One hardly knows where to begin in commenting on this remarkable passage. I guess my first impression is one of monumental egotism. Surely there is something monstrously egocentric in thinking that my life is of such transcendent significance that I should be an exception to cosmic law–that my ego should survive when planets, stars, and galaxies are no more. As for anyone who really worries about the ultimate “death” of the universe, the best advice would be “Get a life!”

More to the point, the implied premise of the above passage is extremely dubious. Why should life have to be everlasting to be meaningful? Why not draw the reverse conclusion and say that, since we know that life is fleeting, we should strive to experience all the meaning we can within that short compass? The message we should draw from our knowledge of our mortality is this: You have a limited number of days, hours, and minutes. Therefore you should strive to fill each of those days, hours, and minutes with meaning. You should strive to fill them with learning and gaining wisdom, – with compassion for the less fortunate, with love for friends and family, with doing a job well, with fighting against evil and obscurantism, and, yes, with enjoying sex, TV, pizza, and ballgames.
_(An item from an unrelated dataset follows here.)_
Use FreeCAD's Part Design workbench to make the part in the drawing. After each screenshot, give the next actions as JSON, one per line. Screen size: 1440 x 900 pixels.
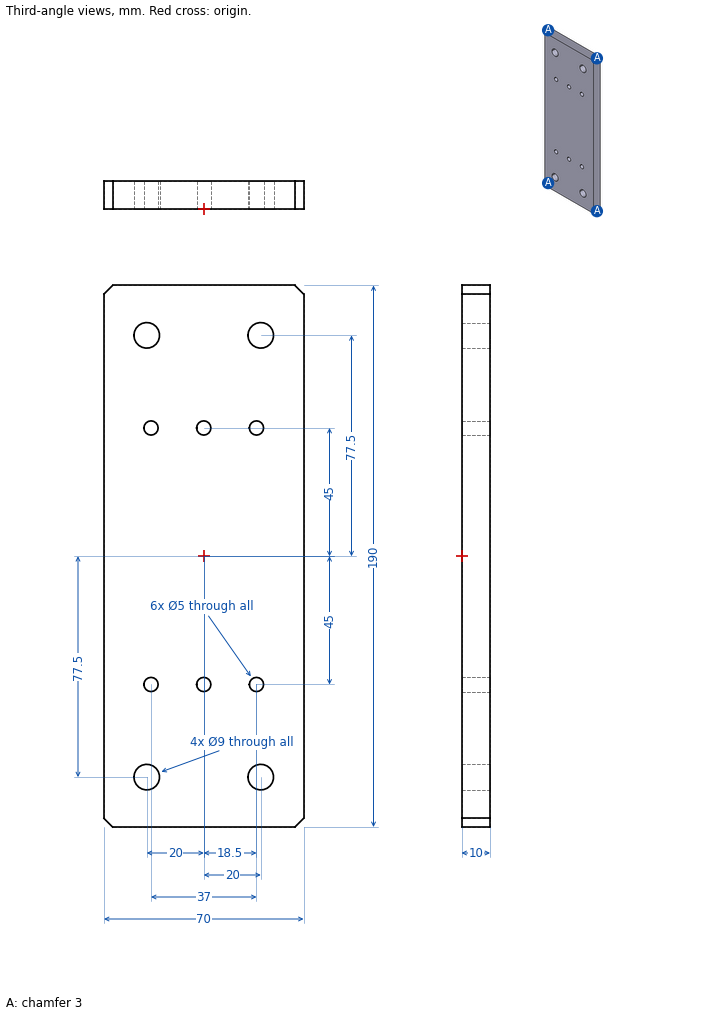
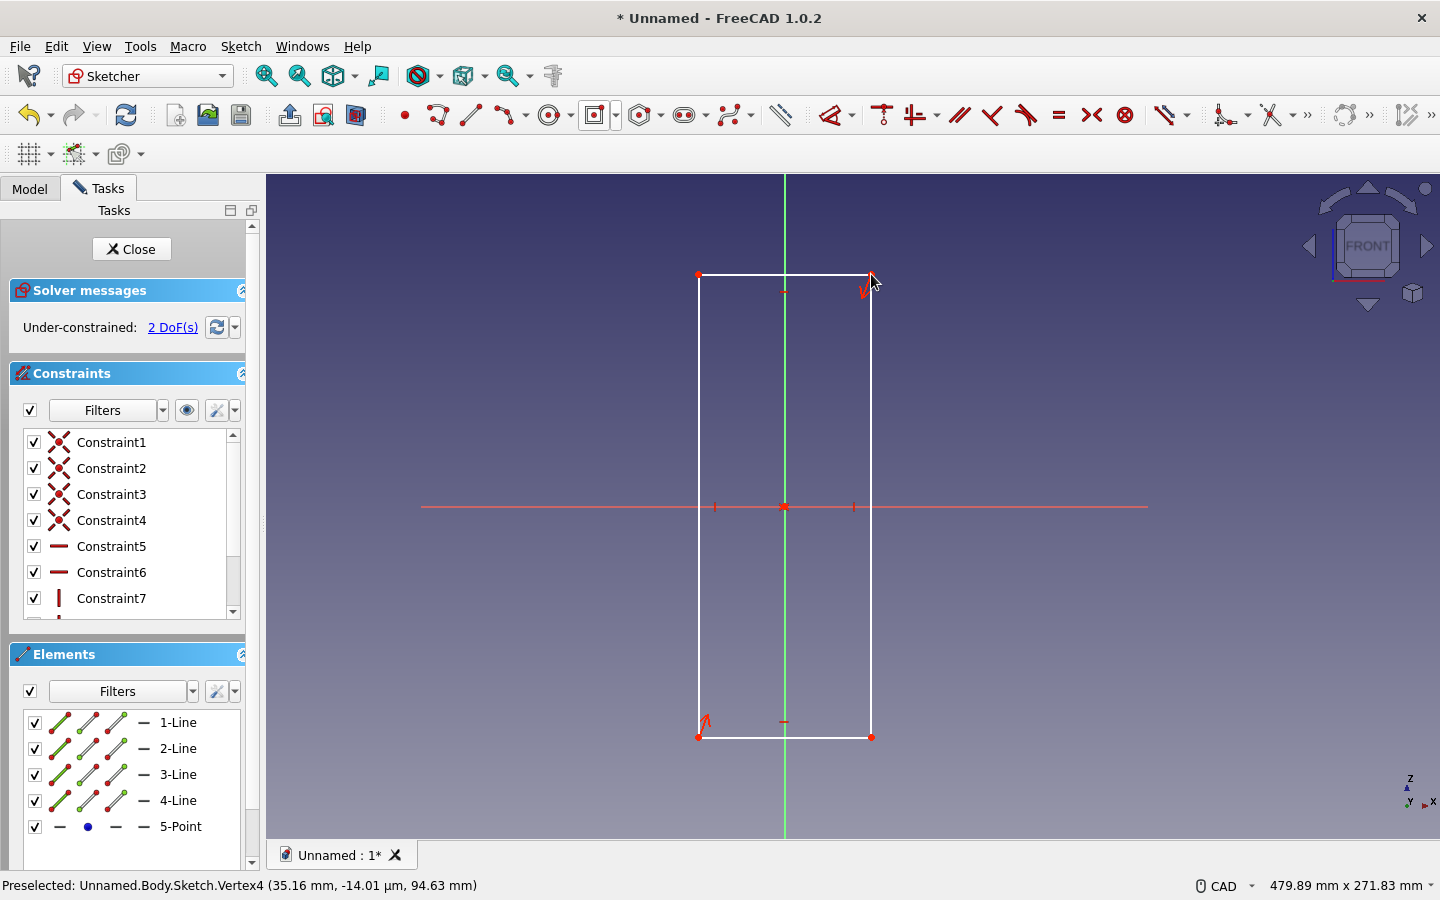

What could Dr. Craig say to those of us for whom the above-mentioned sorts of goods–family, friends, learning, compassion–paradigmatically constitute the meaningfulness of life? I guess he could say that we are only fooling ourselves. We think that our lives are meaningful when in fact they are absurd and pointless. I don’t know what to say to someone who insists that my life is meaningless when it seems to me to be rich with meaning. I suspect that he is implicitly defining “meaning” in a question-begging way. More likely, I think that the denial that life is meaningful for atheists is an expression of simple arrogance.’